Return every line from the one with "- pedestrian <box>1595,472,1599,529</box>" through the one with "- pedestrian <box>175,470,191,522</box>", inclusive, exactly as it appears below.

────────

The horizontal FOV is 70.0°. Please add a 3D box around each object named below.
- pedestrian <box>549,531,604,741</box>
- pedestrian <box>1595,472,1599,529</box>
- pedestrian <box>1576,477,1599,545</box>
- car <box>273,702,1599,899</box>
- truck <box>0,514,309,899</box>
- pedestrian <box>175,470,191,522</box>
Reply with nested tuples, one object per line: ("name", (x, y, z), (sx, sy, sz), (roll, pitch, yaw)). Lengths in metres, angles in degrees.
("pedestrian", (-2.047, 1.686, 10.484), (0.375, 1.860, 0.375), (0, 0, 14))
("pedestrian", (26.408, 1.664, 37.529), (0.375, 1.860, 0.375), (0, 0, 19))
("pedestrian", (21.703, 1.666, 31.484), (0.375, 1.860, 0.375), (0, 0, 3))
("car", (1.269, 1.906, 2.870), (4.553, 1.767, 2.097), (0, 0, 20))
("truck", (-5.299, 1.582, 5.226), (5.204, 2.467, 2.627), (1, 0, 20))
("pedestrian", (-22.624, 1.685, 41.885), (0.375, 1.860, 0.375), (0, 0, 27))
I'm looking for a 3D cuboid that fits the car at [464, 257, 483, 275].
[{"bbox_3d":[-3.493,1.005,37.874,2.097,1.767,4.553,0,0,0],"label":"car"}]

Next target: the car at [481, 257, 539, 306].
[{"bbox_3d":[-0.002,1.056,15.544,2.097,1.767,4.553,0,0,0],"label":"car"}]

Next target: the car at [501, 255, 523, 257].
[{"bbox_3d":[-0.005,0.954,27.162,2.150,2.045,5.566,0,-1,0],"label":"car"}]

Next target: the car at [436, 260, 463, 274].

────────

> _Response area_
- pedestrian <box>1595,472,1599,529</box>
- pedestrian <box>1576,477,1599,545</box>
- car <box>273,702,1599,899</box>
- truck <box>0,514,309,899</box>
- pedestrian <box>175,470,191,522</box>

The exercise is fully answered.